“余白”が多い作品なので、演じるのは難しかった。

──本格的な主演復帰作となるのが、この『銀平町シネマブルース』だと伺っています。どういった経緯で出演することになったのですか?

小出恵介(以下、小出) かれこれ2年くらい前ですかね。脚本を渡されて出演を検討するというよりは、企画段階から「一緒にやりませんか?」とお声がけいただいて。「題材は映画制作。少しさびれた街を舞台にして一本作りたい」というお話で。僕自身としても映画に復活したい気持ちはすごく強かったから、「ぜひやらせてください!」という感じでしたね。それくらい映画に飢えていたんです。

──とはいうものの、「映画だったらなんでもいい」という話でもなかったのでは?

小出 それはあります。最初の段階では脚本も完成していなかったけれど、作家性のある映画になりそうな予感はあったし、制作陣の座組もすごく魅力的に思えたんですね。僕個人の状況としては、その前に出たのが「酒癖50(フィフティ)」(ABEMA)というドラマだったんです。それがオンエアされたすぐあとで、酒癖50の役と振り幅が大きいのも良いなと感じまして。

──小出さんが演じる主役の近藤猛は、うだつの上がらない男です。演じる際、意識した点はありますか?

小出 難しかったですよ、この役は。近藤は人生が停滞しているような中年男性なんですけど、その挫折した理由がはっきりしないんですよね。情報が断片的に映し出されるものの、流浪の旅に出た決定的な理由は最後まで明かされない。原因はわからないんだけど、近藤が傷ついているのは間違いなくて、そこから人生の再生を図るというのが全体の枠組み。ただ、映画として非常に余白が多いので……。

──「余白」とはどういうことでしょうか?

小出 説明しすぎないということです。文学でいうところの「行間を読む」というニュアンスに近いかな。そのへんは本当に演じる人のさじ加減で観客の印象も変わってくるから、考えた部分ではありますね。「おそらく近藤はこういう気持ちだったはず」とか自分の中で補完していく作業を続けました。人間的な弱さ……自分に自信が持てなくなったことで、すべてを捨てたのではないかと僕自身は解釈したんですけど。

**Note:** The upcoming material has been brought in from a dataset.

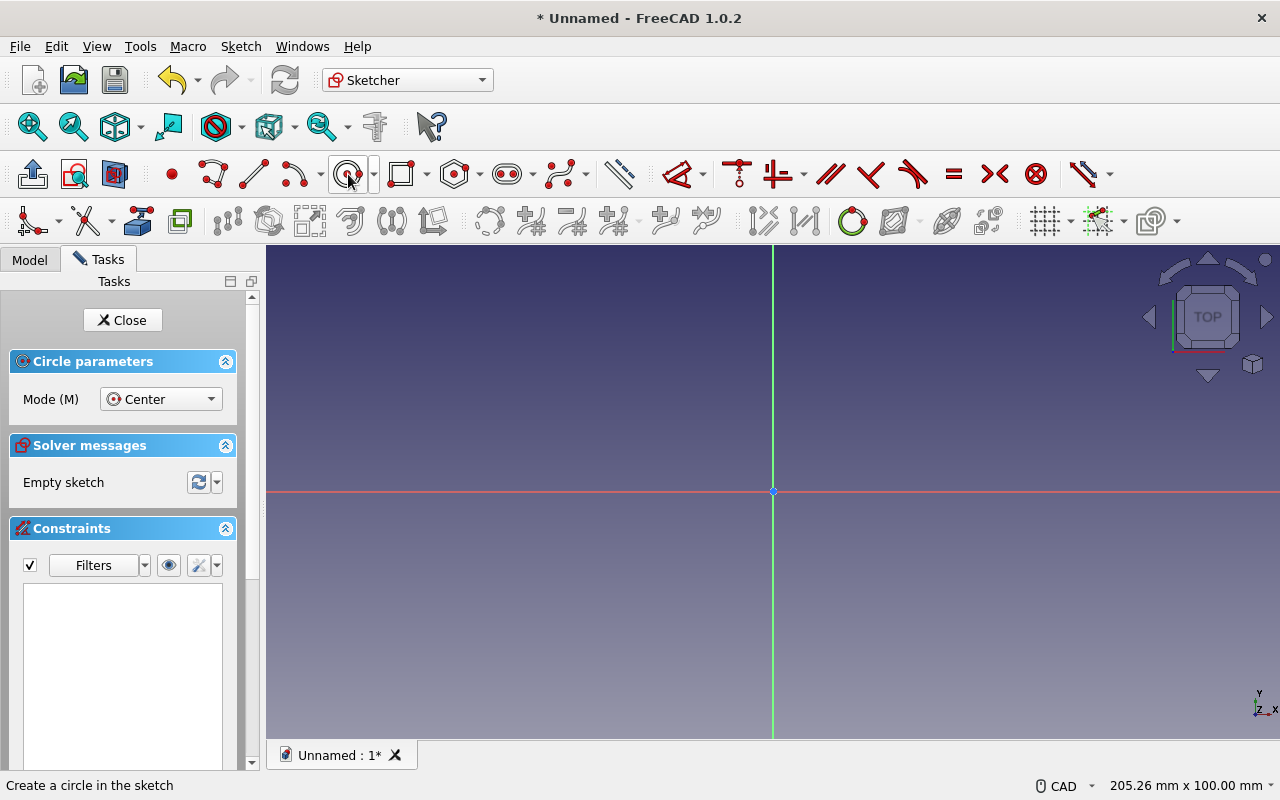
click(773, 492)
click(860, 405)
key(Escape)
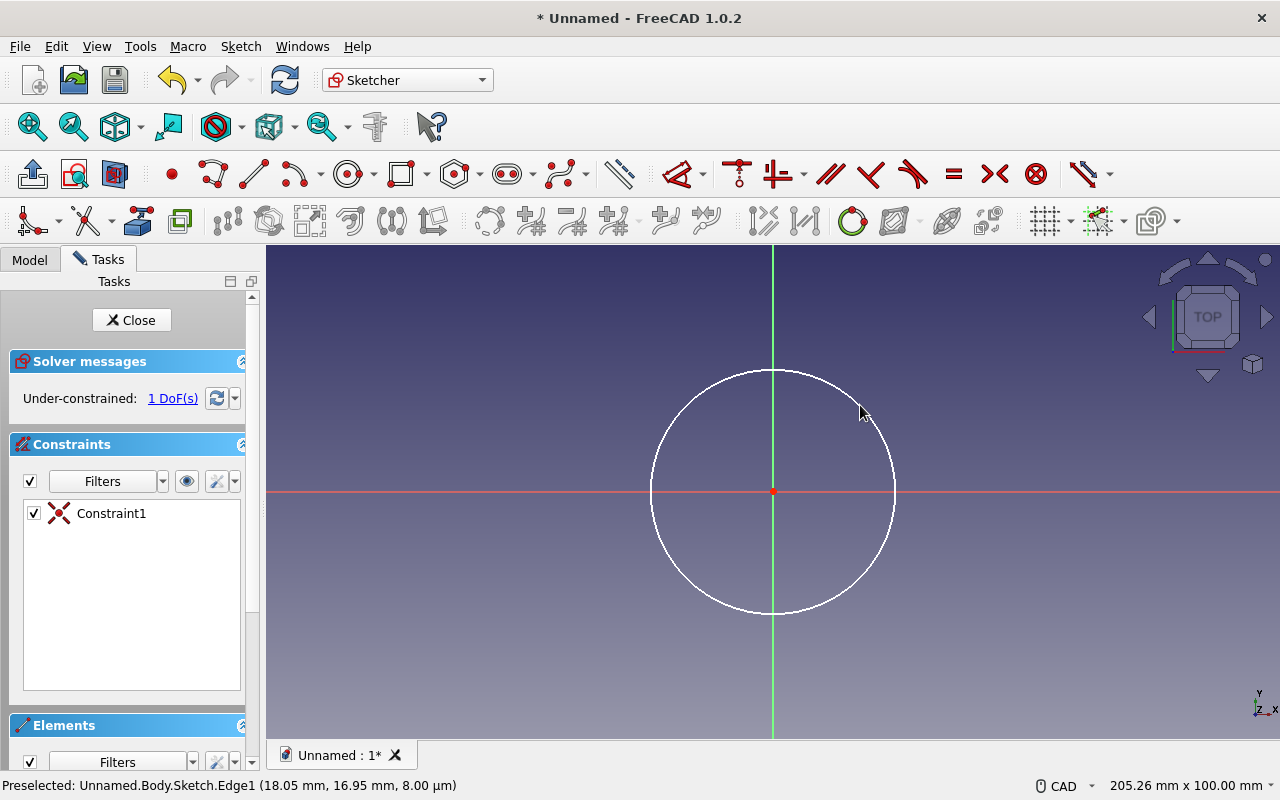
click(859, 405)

──近藤になりきりつつも、小出さんならではの色が反映されているということですか。

小出 そうですね。こういう本(脚本)が来た以上、役にきちんと向き合わないといけませんから。やっぱり自分と完全に切り離すのは難しい。かといって、作品の中で素の小出恵介を出すわけにもいきませんしね。思わぬかたちで人生が止まった30代半ばの男が抱える悲哀。やり場のない思い。情けなさと切なさ。

──観ていて、もどかしい気持ちになりました。

小出 そもそも近藤というのは煮え切らない男なんですよ。パッとしないオッサンと言ってもいい。自分の人生に対しても受け身ですし。トラブルが降りかかっても打たれっぱなしで、自分からは手を出さない性格。

──そういうパッとしない男だからこそ、演じるのが大変そうですね。。

小出 要するに「受けの芝居」ということになるんですけど、これは役者をするにあたって非常に大事なんです。他の作品でも、特に主役になると往々にして受けを演じることが求められますし。そういう意味では、役者としての自分にとっても『銀平町シネマブルース』が大きな転機になるのかもしれません。